In the realm of analysis, there are precious few smoking guns and absolutely reliable eyewitnesses. When there are, you have an open-and-shut case that probably does not need to be argued. It makes sense, then, to avoid thinking that a particular use of evidence is strong and good because the evidence is clearly true and factual, whereas another use of evidence is weak and inadequate because it’s possibly untrue and not factual. Most analytical uses of evidence are a matter of making inferences, interpreting the evidence with subtlety and respect.

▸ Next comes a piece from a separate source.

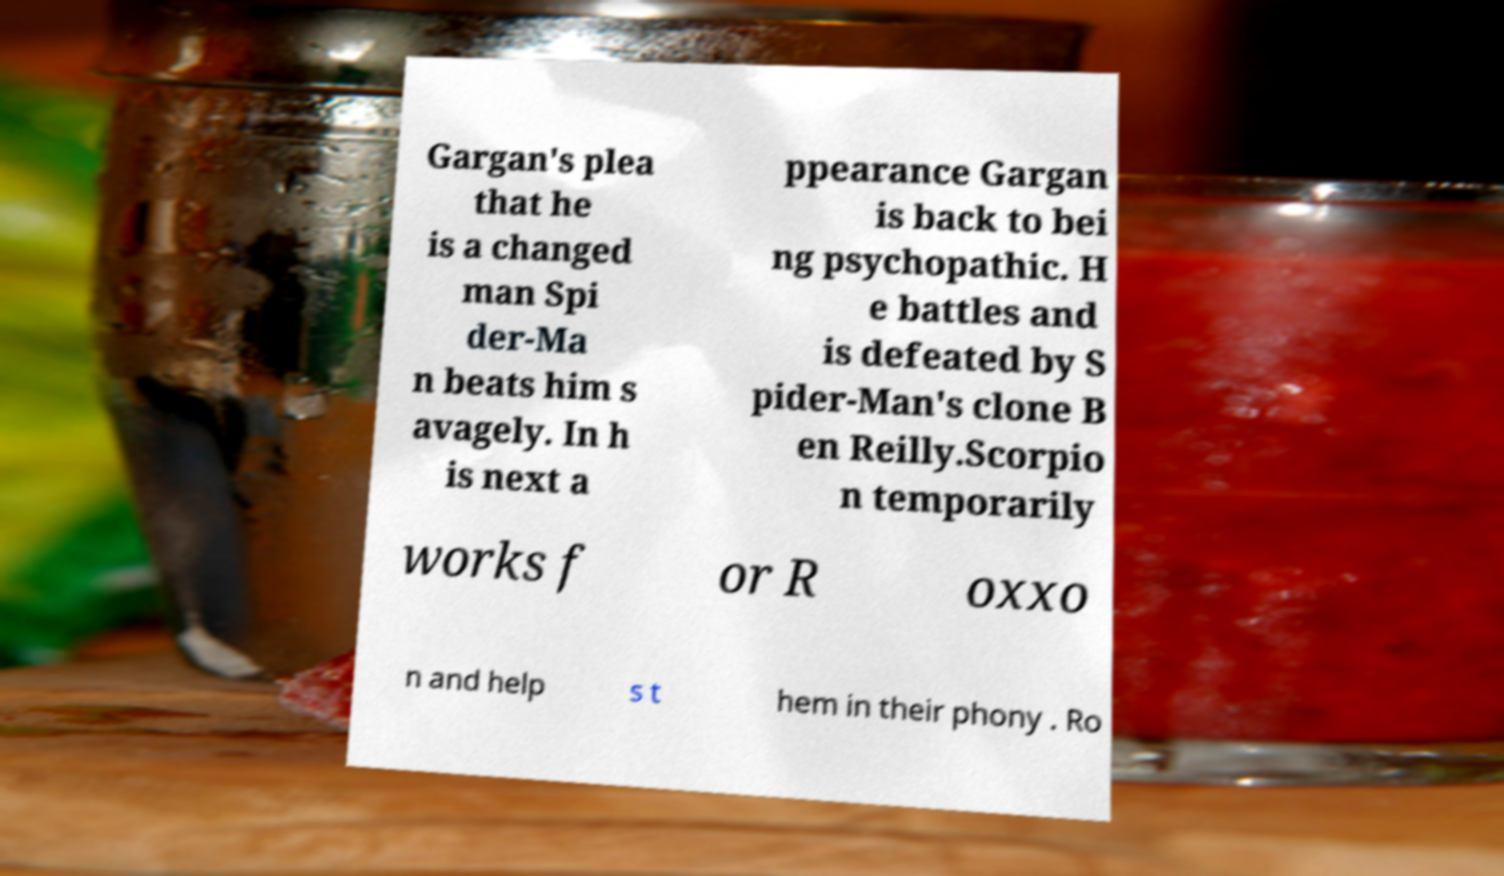Could you extract and type out the text from this image? Gargan's plea that he is a changed man Spi der-Ma n beats him s avagely. In h is next a ppearance Gargan is back to bei ng psychopathic. H e battles and is defeated by S pider-Man's clone B en Reilly.Scorpio n temporarily works f or R oxxo n and help s t hem in their phony . Ro

To a significant extent, decisions about the value of evidence depend on the kind of claim you are making (how broad, for example, and how conclusive) and the genre you are writing in. What could be appropriate and valid for writing a magazine profile of residents trying to rebuild a poor urban neighborhood might not be appropriate and valid for supporting policy decisions or sociological theories about people in such neighborhoods. The strength of such a profile, however, should not be underestimated, because it may be rich in suggestion, in questions and angles of approach for further research.

Whatever kind of evidence you’re using, the emphasis rests on how you use what you have: how you articulate what it means and how carefully you link the evidence to your claims. When you find yourself asking, “How good is my argument?” here are two working criteria from the chapter:

Am I oversimplifying the implications of my evidence?

Does my use of evidence go beyond mere corroboration of an overly general claim?

Another guiding principle, perhaps the chapter’s most important point, is to think with the evidence; keep it before you. If you start to move too far afield, return to the source, the evidence itself, to refresh your thinking.

GUIDELINES FOR REASONING FROM EVIDENCE TO CLAIMS

Learn to recognize unsubstantiated assertions, rather than treating claims as self-evident truths. Whenever you make a claim, offer your readers the evidence that led you to it.

Make the evidence speak. Explain how it supports the claim; offer your reasons for believing the evidence means what you say it does.

Use evidence to advance your claim, not just confirm it. Explore how the evidence does not fit the claim, and use what you learn to reshape the claim, making it more accurate.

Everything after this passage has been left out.